Элли удивленно подняла брови. Она рассчитывала услышать больше.
– Очень приятно?
– Да. – Саба посмотрела ей в глаза. – Спасибо. Слушай, извини, что тебе пришлось меня ждать. Надеюсь, ты не слишком утомилась. – Элли вздохнула и обмякла. Теперь Саба могла бы спросить, как она провела время с Тариком, но было ясно, что такой разговор не предусмотрен в сценарии действий добросовестной компаньонки, по которому должна была действовать Элли.
– Если ты не возражаешь, – сказала Саба, – я сейчас поднимусь к себе, приму ванну и переоденусь. Фаиза ждет меня в десять тридцать; опаздывать мне нельзя – потом к ней придет парикмахер.
– Мне заехать за тобой после репетиции? – Элли, казалось, прощупывала почву. Как там у Сабы? Но было ясно, что ей не терпится снова увидеть Тарика.
– Нет-нет, не нужно, мы с Домом уже договорились, что вместе поедим где-нибудь. Он приехал сюда всего на пять дней.
– А тебе полагаются выходные дни? – Элли что-то обдумывала.
– После приезда сюда ни у кого из нас еще не было ни одного выходного.

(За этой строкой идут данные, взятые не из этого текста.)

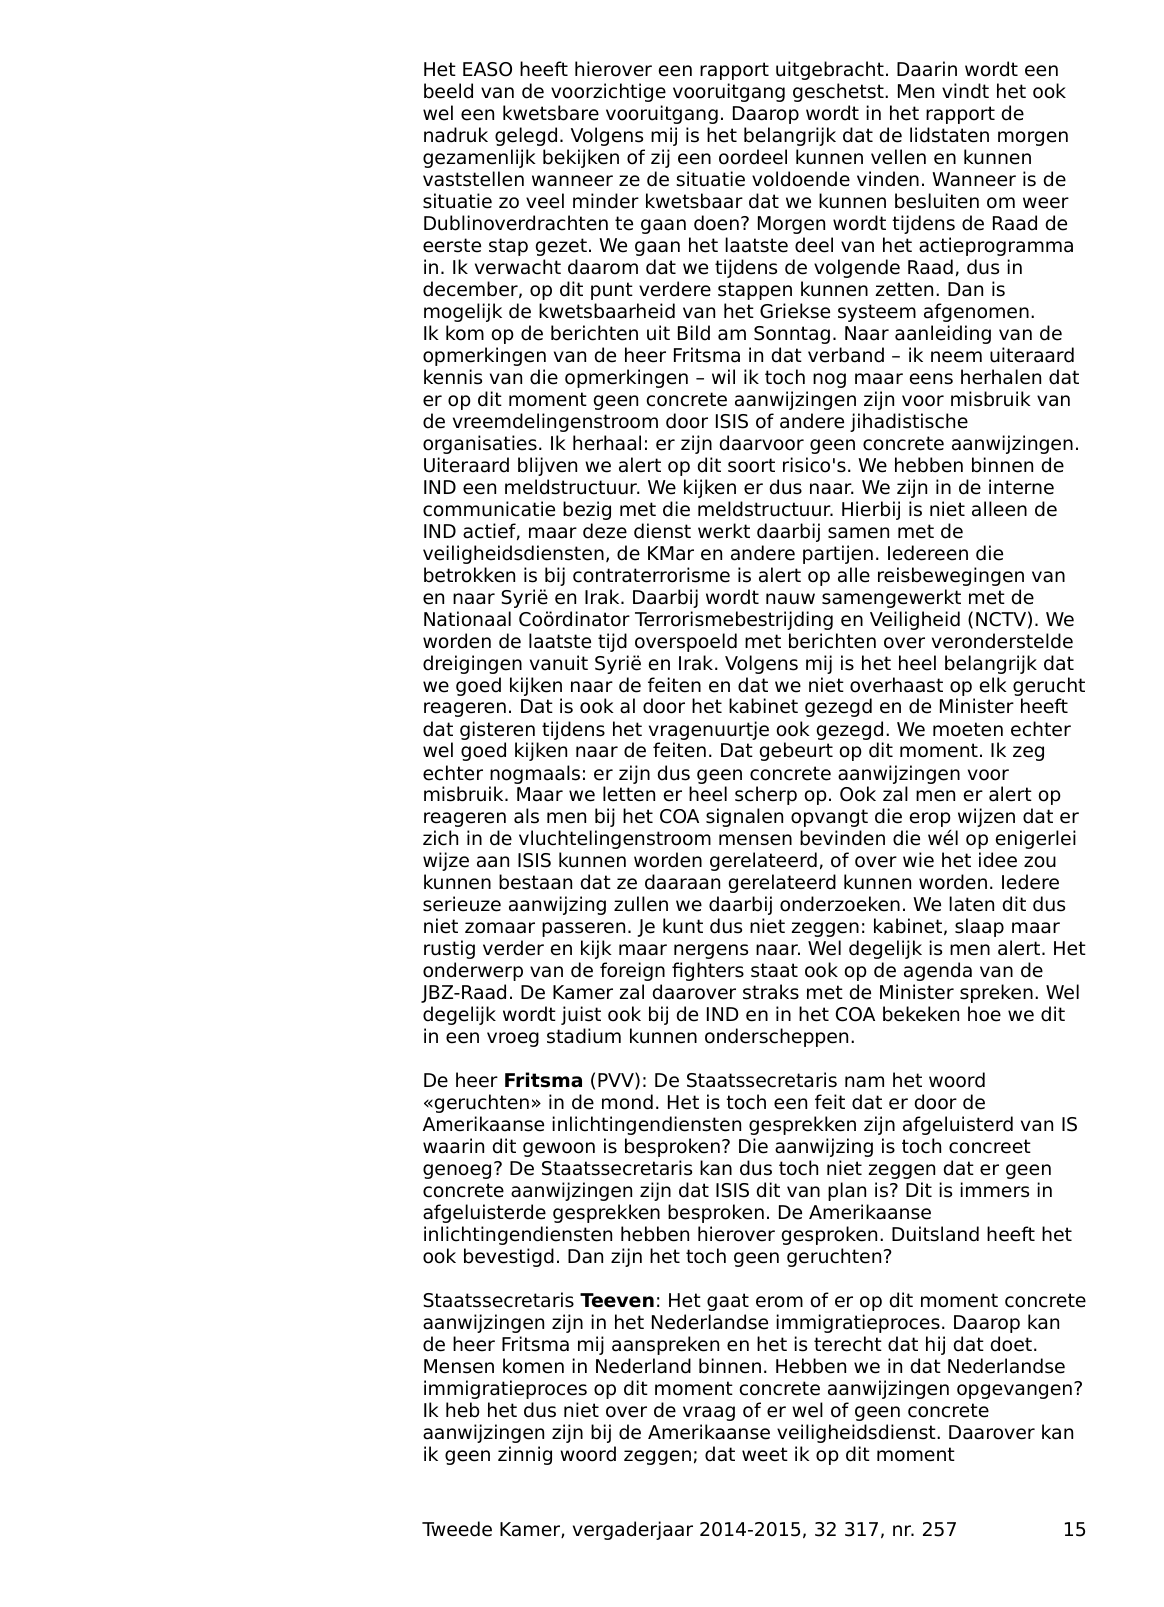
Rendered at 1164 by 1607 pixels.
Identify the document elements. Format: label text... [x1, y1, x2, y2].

text Ik kom op de berichten uit Bild am Sonntag. Naar aanleiding van de opmerkingen van de heer Fritsma in dat verband – ik neem uiteraard kennis van die opmerkingen – wil ik toch nog maar eens herhalen dat er op dit moment geen concrete aanwijzingen zijn voor misbruik van de vreemdelingenstroom door ISIS of andere jihadistische organisaties. Ik herhaal: er zijn daarvoor geen concrete aanwijzingen. Uiteraard blijven we alert op dit soort risico's. We hebben binnen de IND een meldstructuur. We kijken er dus naar. We zijn in de interne communicatie bezig met die meldstructuur. Hierbij is niet alleen de IND actief, maar deze dienst werkt daarbij samen met de veiligheidsdiensten, de KMar en andere partijen. Iedereen die betrokken is bij contraterrorisme is alert op alle reisbewegingen van en naar Syrië en Irak. Daarbij wordt nauw samengewerkt met de Nationaal Coördinator Terrorismebestrijding en Veiligheid (NCTV). We worden de laatste tijd overspoeld met berichten over veronderstelde dreigingen vanuit Syrië en Irak. Volgens mij is het heel belangrijk dat we goed kijken naar de feiten en dat we niet overhaast op elk gerucht reageren. Dat is ook al door het kabinet gezegd en de Minister heeft dat gisteren tijdens het vragenuurtje ook gezegd. We moeten echter wel goed kijken naar de feiten. Dat gebeurt op dit moment. Ik zeg echter nogmaals: er zijn dus geen concrete aanwijzingen voor misbruik. Maar we letten er heel scherp op. Ook zal men er alert op reageren als men bij het COA signalen opvangt die erop wijzen dat er zich in de vluchtelingenstroom mensen bevinden die wél op enigerlei wijze aan ISIS kunnen worden gerelateerd, of over wie het idee zou kunnen bestaan dat ze daaraan gerelateerd kunnen worden. Iedere serieuze aanwijzing zullen we daarbij onderzoeken. We laten dit dus niet zomaar passeren. Je kunt dus niet zeggen: kabinet, slaap maar rustig verder en kijk maar nergens naar. Wel degelijk is men alert. Het onderwerp van de foreign fighters staat ook op de agenda van de JBZ-Raad. De Kamer zal daarover straks met de Minister spreken. Wel degelijk wordt juist ook bij de IND en in het COA bekeken hoe we dit in een vroeg stadium kunnen onderscheppen. [422, 323, 1087, 1048]
text De heer Fritsma (PVV): De Staatssecretaris nam het woord «geruchten» in de mond. Het is toch een feit dat er door de Amerikaanse inlichtingendiensten gesprekken zijn afgeluisterd van IS waarin dit gewoon is besproken? Die aanwijzing is toch concreet genoeg? De Staatssecretaris kan dus toch niet zeggen dat er geen concrete aanwijzingen zijn dat ISIS dit van plan is? Dit is immers in afgeluisterde gesprekken besproken. De Amerikaanse inlichtingendiensten hebben hierover gesproken. Duitsland heeft het ook bevestigd. Dan zijn het toch geen geruchten? [422, 1070, 1087, 1268]
text Staatssecretaris Teeven: Het gaat erom of er op dit moment concrete aanwijzingen zijn in het Nederlandse immigratieproces. Daarop kan de heer Fritsma mij aanspreken en het is terecht dat hij dat doet. Mensen komen in Nederland binnen. Hebben we in dat Nederlandse immigratieproces op dit moment concrete aanwijzingen opgevangen? Ik heb het dus niet over de vraag of er wel of geen concrete aanwijzingen zijn bij de Amerikaanse veiligheidsdienst. Daarover kan ik geen zinnig woord zeggen; dat weet ik op dit moment [422, 1290, 1087, 1466]
text Het EASO heeft hierover een rapport uitgebracht. Daarin wordt een beeld van de voorzichtige vooruitgang geschetst. Men vindt het ook wel een kwetsbare vooruitgang. Daarop wordt in het rapport de nadruk gelegd. Volgens mij is het belangrijk dat de lidstaten morgen gezamenlijk bekijken of zij een oordeel kunnen vellen en kunnen vaststellen wanneer ze de situatie voldoende vinden. Wanneer is de situatie zo veel minder kwetsbaar dat we kunnen besluiten om weer Dublinoverdrachten te gaan doen? Morgen wordt tijdens de Raad de eerste stap gezet. We gaan het laatste deel van het actieprogramma in. Ik verwacht daarom dat we tijdens de volgende Raad, dus in december, op dit punt verdere stappen kunnen zetten. Dan is mogelijk de kwetsbaarheid van het Griekse systeem afgenomen. [422, 59, 1087, 323]

– Настаивай на этом – в конце концов, заключи контракт с клубом. – Лицо Элли снова обрело деловое выражение. – Ты ведь должна быть в хорошей форме и для радио, и для вечеринки у мистера Озана. – Они вернулись к предписанному сценарию. – Так, ладно. – Элли скинула с ног туфли и прошлась по гостиной. Ее чулки оставляли на полу следы, похожие на следы чьих-то лап. – Если быть осторожными и держать язык за зубами, то, полагаю, мы с тобой сможем неплохо расслабиться несколько дней. Намек понятен? Если хочешь, ты можешь остаться здесь. Вы оба, – добавила она, понизив голос.
– У Доминика есть комната на Рю Лепсиус, – сообщила Саба. – Он позаботится обо мне. Там тихо и спокойно, близко от клуба и вообще – не на виду. Будем экономить бензин. – Они многозначительно переглянулись.
– Да, мы все стараемся экономить бензин. Но обещай мне, что не скажешь Кливу ни слова. Знаешь, он забыл мне заплатить за последние две недели; не знаю, о чем он думает. Я ведь не могу питаться воздухом и утренней росой. Если бы не Тарик, я была бы без гроша, честное слово. Если он что-то пронюхает про меня, так ему и скажи.
– Разве тебе не платит правительство, как нам?
– За какую-то работу да… зависит от… ну, тут все сложно. В общем, Кливу ни слова, а если ты увидишь в этом доме Тарика, о нем тоже ни слова. – Элли опять подмигнула. – Впрочем, скоро он опять уедет.
Она дала Сабе соли для ванны и чистое полотенце, потом обняла ее и сказала, что иногда будет сидеть на репетициях Сабы со строгим видом, словно это единственная цель в ее жизни. Да, кстати, Фаизе лучше не рассказывать про Доминика: египтяне – жуткие сплетники. Мол, просто старый знакомый.
Лежа в теплой и душистой ванне, Саба снова думала об Элли. Непонятная особа, и ее присутствие в городе было, пожалуй, не менее загадочным, чем ее собственное. Но тут же забыла обо всем – ведь она была влюблена и невероятно счастлива.